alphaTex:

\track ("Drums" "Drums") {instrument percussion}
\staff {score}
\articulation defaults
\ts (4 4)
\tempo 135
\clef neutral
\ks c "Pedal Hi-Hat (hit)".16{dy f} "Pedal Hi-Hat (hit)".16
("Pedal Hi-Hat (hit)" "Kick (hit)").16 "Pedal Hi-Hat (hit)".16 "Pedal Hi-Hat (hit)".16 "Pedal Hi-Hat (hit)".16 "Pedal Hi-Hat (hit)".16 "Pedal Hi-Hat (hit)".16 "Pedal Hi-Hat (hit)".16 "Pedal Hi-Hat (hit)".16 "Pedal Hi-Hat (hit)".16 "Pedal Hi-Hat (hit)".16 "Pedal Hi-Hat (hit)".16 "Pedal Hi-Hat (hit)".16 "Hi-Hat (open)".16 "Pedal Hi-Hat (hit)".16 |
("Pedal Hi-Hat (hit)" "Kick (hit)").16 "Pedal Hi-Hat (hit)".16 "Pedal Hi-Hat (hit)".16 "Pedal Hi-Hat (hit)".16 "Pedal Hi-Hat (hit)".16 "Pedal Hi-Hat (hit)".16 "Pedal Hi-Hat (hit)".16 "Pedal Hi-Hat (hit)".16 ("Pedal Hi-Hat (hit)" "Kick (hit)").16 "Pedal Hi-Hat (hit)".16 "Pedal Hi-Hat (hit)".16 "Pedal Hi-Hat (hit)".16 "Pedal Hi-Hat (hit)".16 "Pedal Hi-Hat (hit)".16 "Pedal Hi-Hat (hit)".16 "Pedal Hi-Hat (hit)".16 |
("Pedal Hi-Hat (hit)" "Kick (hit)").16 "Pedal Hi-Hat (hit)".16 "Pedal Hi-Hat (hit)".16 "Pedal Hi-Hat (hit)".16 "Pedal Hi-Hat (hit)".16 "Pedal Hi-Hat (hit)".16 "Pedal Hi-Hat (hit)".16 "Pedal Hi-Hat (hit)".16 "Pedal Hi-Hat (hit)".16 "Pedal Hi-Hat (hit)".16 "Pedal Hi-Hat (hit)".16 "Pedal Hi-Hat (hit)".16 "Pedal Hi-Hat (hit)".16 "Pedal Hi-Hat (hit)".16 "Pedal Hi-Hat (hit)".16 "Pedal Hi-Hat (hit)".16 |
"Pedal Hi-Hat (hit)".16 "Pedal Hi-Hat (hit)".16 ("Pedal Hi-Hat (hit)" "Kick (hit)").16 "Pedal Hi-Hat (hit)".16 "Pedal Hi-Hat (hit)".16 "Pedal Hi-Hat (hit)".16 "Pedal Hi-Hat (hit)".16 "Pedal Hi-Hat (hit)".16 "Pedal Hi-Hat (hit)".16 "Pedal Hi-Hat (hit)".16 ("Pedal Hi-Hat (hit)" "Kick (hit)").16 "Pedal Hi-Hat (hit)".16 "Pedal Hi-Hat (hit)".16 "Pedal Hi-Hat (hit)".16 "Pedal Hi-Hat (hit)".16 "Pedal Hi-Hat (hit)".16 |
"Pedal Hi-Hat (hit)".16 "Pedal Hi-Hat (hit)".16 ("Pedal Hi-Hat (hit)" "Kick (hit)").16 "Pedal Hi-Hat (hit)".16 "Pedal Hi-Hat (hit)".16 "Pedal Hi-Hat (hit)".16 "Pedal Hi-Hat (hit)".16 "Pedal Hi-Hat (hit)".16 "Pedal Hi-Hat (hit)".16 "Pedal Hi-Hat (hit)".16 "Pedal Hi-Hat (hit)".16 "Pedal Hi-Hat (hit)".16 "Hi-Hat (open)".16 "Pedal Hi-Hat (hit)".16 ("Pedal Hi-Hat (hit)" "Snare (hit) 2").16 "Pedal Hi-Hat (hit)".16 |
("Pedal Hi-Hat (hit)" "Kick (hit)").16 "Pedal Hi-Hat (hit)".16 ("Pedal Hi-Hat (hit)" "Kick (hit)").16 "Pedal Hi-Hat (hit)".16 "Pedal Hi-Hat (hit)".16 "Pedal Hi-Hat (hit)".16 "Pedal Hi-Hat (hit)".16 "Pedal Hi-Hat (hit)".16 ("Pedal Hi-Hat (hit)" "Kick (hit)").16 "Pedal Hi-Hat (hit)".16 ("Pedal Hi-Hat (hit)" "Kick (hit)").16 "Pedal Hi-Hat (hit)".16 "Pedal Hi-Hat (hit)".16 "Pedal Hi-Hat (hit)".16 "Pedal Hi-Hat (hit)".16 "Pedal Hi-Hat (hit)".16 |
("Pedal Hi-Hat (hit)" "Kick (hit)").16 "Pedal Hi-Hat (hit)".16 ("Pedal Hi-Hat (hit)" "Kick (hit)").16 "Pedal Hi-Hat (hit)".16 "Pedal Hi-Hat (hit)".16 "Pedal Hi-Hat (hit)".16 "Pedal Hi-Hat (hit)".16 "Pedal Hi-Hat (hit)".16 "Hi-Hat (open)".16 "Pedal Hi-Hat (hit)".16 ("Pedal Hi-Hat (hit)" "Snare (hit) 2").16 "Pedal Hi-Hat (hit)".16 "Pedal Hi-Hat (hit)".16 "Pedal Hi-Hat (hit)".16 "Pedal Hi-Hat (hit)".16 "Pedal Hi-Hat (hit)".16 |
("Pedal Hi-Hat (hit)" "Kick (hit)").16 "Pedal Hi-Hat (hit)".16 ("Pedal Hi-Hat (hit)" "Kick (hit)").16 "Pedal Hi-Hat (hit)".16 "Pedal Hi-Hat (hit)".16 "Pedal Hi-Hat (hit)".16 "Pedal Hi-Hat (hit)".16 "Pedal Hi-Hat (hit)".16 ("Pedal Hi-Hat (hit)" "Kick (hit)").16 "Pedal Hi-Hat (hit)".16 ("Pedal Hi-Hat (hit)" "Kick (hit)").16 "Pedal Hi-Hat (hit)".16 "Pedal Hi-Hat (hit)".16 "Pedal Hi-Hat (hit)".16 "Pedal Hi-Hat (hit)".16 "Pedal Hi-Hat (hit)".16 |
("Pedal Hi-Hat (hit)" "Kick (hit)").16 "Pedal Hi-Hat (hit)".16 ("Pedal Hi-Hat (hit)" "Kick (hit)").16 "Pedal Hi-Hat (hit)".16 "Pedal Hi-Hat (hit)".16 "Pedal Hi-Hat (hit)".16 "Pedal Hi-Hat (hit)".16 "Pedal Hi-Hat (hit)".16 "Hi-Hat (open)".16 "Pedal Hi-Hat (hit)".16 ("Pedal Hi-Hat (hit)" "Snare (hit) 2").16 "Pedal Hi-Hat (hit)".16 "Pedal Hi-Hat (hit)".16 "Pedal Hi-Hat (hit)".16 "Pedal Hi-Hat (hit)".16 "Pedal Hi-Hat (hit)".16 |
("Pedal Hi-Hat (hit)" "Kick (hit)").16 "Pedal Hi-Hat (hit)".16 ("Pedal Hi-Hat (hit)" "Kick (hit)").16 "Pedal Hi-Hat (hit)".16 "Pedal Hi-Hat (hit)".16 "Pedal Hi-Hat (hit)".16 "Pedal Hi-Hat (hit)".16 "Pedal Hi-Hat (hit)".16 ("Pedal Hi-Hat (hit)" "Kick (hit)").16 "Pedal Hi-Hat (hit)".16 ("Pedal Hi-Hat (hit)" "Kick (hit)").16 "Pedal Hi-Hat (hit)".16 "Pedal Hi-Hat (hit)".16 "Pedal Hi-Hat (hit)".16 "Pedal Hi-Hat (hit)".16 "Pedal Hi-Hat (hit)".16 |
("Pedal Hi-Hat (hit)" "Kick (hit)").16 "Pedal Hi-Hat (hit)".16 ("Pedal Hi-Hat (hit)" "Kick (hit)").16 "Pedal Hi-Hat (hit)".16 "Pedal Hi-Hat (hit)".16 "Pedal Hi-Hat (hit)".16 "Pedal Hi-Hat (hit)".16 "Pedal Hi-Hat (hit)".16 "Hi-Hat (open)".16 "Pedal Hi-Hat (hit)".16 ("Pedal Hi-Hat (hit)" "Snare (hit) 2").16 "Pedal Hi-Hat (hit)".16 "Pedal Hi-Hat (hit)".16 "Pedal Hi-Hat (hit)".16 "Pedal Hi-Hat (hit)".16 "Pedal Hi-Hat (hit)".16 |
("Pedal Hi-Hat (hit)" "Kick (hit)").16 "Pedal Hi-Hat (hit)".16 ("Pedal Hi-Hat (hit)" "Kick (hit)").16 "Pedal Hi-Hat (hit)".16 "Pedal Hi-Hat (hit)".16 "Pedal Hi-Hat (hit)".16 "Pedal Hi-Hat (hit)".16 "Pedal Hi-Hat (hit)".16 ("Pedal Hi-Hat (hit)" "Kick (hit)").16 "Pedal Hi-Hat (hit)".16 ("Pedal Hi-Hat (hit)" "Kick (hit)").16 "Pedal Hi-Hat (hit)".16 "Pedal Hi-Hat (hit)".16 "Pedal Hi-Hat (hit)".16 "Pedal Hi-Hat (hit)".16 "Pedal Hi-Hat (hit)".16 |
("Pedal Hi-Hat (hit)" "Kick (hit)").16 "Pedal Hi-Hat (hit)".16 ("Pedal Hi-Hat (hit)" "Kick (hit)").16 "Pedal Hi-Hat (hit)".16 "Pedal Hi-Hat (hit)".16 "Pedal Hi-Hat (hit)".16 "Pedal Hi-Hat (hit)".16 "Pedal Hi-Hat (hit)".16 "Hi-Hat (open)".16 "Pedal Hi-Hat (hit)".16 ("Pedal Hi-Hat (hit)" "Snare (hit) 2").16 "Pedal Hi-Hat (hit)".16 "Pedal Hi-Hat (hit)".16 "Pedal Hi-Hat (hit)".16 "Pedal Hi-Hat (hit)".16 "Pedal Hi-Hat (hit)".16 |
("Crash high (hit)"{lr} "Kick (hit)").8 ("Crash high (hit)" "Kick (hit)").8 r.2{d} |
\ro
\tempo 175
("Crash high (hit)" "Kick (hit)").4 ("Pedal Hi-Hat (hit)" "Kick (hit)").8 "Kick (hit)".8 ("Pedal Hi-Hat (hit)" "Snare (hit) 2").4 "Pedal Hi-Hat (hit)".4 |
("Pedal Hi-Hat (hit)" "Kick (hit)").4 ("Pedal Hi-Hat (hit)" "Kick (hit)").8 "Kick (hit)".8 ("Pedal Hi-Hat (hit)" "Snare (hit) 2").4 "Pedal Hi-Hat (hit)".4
________________
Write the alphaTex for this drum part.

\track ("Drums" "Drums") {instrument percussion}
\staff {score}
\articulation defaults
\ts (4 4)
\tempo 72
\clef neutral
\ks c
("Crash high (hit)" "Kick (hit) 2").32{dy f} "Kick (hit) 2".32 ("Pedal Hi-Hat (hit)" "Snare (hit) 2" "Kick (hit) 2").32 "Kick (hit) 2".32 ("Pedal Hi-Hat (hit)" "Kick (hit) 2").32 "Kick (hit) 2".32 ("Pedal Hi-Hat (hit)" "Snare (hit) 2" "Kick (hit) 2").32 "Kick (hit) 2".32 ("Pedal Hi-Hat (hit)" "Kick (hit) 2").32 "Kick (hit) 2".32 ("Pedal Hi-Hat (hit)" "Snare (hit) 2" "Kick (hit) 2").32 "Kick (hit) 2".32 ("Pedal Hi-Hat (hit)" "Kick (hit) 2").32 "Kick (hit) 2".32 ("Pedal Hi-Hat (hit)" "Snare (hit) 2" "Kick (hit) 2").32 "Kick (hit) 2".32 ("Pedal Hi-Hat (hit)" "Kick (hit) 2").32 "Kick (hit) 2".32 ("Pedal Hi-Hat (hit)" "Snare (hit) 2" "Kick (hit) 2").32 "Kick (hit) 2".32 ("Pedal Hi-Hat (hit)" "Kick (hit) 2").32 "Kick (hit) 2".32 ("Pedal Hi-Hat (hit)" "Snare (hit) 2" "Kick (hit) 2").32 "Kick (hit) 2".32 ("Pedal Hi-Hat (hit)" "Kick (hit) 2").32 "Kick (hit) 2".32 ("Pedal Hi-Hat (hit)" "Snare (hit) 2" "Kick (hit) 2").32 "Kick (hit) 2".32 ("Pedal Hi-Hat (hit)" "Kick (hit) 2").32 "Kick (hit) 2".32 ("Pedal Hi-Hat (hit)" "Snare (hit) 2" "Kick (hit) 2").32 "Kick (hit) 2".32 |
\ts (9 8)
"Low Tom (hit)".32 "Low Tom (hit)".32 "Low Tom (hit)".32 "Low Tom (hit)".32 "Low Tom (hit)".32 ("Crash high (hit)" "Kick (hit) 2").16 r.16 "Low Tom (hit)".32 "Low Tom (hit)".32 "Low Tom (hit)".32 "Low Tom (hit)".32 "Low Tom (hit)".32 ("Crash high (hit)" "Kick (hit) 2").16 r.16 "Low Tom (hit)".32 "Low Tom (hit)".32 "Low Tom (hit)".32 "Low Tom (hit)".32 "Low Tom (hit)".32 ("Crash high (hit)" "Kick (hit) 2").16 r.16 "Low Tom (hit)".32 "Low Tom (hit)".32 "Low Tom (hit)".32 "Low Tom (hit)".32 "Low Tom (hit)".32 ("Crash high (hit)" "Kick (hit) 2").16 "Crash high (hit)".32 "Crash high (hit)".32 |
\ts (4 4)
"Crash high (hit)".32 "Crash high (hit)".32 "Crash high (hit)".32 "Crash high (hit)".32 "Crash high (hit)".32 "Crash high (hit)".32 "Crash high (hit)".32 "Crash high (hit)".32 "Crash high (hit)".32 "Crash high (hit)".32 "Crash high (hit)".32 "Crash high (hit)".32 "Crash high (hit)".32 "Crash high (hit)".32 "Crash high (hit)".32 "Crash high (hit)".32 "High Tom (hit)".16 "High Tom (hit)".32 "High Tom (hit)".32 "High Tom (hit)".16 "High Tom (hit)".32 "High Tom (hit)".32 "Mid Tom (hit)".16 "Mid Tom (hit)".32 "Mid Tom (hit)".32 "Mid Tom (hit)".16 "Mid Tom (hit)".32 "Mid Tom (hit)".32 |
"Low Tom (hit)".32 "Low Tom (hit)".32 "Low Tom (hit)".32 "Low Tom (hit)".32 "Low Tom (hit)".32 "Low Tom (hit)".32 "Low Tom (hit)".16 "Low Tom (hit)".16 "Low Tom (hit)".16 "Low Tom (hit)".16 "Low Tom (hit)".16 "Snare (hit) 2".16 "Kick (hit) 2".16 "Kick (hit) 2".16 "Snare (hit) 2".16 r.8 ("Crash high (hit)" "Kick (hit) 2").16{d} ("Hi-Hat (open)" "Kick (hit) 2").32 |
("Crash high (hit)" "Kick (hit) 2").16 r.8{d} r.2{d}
________________
PROBLEM DETAILS =
Look through the entries for lines containing the word "alphaTex" and return each one.

SOLUTION TO THIS EXERCISE =
alphaTex:
Write the alphaTex for this drum part.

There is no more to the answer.